ACTIVITY: Within the records, which lines hold the string "medium"? Report each one by copying it.

INPUT:
+ + +

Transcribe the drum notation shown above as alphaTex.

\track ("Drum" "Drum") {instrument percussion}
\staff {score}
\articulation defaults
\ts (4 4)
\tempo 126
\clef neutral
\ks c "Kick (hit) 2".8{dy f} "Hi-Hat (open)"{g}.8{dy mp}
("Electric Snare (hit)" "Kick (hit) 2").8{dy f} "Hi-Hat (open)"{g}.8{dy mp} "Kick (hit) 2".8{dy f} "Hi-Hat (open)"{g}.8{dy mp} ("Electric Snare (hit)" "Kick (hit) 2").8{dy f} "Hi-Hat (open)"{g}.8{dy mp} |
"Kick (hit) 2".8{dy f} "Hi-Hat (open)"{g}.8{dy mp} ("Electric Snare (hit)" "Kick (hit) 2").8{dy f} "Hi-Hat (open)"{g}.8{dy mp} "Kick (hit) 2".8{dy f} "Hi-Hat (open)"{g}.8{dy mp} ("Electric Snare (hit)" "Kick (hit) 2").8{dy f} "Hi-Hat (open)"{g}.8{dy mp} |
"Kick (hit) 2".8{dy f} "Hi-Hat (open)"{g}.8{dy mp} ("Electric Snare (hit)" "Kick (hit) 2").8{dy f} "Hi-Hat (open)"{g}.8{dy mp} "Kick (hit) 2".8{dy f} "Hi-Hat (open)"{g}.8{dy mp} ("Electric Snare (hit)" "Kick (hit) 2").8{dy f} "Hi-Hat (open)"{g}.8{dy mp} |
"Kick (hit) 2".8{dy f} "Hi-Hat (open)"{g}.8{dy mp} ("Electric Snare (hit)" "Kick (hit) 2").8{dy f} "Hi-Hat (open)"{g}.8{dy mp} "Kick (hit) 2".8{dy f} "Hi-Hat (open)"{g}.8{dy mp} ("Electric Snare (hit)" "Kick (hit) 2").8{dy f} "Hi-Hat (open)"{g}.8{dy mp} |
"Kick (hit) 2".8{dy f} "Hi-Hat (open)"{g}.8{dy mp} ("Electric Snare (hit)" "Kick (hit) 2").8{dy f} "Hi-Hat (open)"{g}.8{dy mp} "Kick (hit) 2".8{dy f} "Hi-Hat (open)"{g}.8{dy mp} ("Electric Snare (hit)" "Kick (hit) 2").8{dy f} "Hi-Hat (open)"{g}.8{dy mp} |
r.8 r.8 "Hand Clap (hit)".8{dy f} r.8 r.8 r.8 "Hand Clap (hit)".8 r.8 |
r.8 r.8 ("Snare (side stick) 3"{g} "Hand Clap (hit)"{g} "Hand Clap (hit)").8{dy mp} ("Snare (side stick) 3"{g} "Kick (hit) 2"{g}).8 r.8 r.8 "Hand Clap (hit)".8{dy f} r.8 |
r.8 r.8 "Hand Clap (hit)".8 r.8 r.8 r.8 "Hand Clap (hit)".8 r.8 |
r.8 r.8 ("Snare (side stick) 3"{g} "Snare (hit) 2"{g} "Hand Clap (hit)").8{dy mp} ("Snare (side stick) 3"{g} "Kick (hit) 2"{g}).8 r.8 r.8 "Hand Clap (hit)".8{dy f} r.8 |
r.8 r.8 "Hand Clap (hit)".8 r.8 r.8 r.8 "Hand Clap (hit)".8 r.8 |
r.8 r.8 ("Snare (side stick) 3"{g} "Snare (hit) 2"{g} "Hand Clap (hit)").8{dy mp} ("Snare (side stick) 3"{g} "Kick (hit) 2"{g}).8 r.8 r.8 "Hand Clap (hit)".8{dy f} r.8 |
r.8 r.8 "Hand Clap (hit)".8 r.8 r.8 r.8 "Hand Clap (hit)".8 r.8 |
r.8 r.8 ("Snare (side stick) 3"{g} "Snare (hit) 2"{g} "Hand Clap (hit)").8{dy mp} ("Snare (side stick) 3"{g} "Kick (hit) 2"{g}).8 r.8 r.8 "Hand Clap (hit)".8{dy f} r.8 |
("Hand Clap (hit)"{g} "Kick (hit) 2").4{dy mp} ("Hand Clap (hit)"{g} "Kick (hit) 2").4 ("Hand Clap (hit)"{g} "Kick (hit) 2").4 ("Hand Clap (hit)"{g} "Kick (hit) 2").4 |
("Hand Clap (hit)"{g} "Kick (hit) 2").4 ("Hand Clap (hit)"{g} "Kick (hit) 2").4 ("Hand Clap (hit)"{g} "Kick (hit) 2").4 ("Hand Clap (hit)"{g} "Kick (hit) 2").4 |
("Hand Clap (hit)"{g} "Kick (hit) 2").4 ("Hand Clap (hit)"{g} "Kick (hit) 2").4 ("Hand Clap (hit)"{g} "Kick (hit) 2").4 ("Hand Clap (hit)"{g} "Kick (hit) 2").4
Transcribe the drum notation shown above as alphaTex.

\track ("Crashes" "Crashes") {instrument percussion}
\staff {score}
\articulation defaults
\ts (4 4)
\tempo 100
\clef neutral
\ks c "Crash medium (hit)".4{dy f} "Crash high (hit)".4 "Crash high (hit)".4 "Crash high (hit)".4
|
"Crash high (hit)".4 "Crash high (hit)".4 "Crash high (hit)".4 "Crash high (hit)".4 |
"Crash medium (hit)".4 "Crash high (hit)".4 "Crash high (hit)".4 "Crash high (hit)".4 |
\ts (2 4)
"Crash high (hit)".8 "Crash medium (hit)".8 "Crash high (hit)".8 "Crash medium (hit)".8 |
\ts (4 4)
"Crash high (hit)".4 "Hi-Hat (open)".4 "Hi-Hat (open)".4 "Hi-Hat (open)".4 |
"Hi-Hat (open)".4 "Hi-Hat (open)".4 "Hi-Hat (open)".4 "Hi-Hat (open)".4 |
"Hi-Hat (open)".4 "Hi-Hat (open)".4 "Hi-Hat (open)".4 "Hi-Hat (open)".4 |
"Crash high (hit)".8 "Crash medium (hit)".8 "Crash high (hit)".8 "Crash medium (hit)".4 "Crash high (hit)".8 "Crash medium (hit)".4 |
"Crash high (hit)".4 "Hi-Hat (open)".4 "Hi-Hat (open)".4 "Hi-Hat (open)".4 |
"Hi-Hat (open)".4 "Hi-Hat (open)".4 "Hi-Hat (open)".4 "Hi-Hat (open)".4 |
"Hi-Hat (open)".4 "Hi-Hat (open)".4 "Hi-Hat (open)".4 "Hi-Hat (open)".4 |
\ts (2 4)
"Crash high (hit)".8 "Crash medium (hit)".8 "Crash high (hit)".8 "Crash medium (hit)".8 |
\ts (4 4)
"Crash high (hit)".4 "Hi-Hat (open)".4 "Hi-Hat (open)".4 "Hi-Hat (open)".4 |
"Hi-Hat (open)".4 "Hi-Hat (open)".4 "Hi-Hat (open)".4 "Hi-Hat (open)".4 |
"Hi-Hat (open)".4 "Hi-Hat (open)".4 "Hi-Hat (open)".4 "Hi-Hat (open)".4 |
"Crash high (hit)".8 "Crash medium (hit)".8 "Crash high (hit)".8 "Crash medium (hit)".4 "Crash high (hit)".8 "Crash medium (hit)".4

+ + +

TASK SOLUTION:
\ks c "Crash medium (hit)".4{dy f} "Crash high (hit)".4 "Crash high (hit)".4 "Crash high (hit)".4
"Crash medium (hit)".4 "Crash high (hit)".4 "Crash high (hit)".4 "Crash high (hit)".4 |
"Crash high (hit)".8 "Crash medium (hit)".8 "Crash high (hit)".8 "Crash medium (hit)".8 |
"Crash high (hit)".8 "Crash medium (hit)".8 "Crash high (hit)".8 "Crash medium (hit)".4 "Crash high (hit)".8 "Crash medium (hit)".4 |
"Crash high (hit)".8 "Crash medium (hit)".8 "Crash high (hit)".8 "Crash medium (hit)".8 |
"Crash high (hit)".8 "Crash medium (hit)".8 "Crash high (hit)".8 "Crash medium (hit)".4 "Crash high (hit)".8 "Crash medium (hit)".4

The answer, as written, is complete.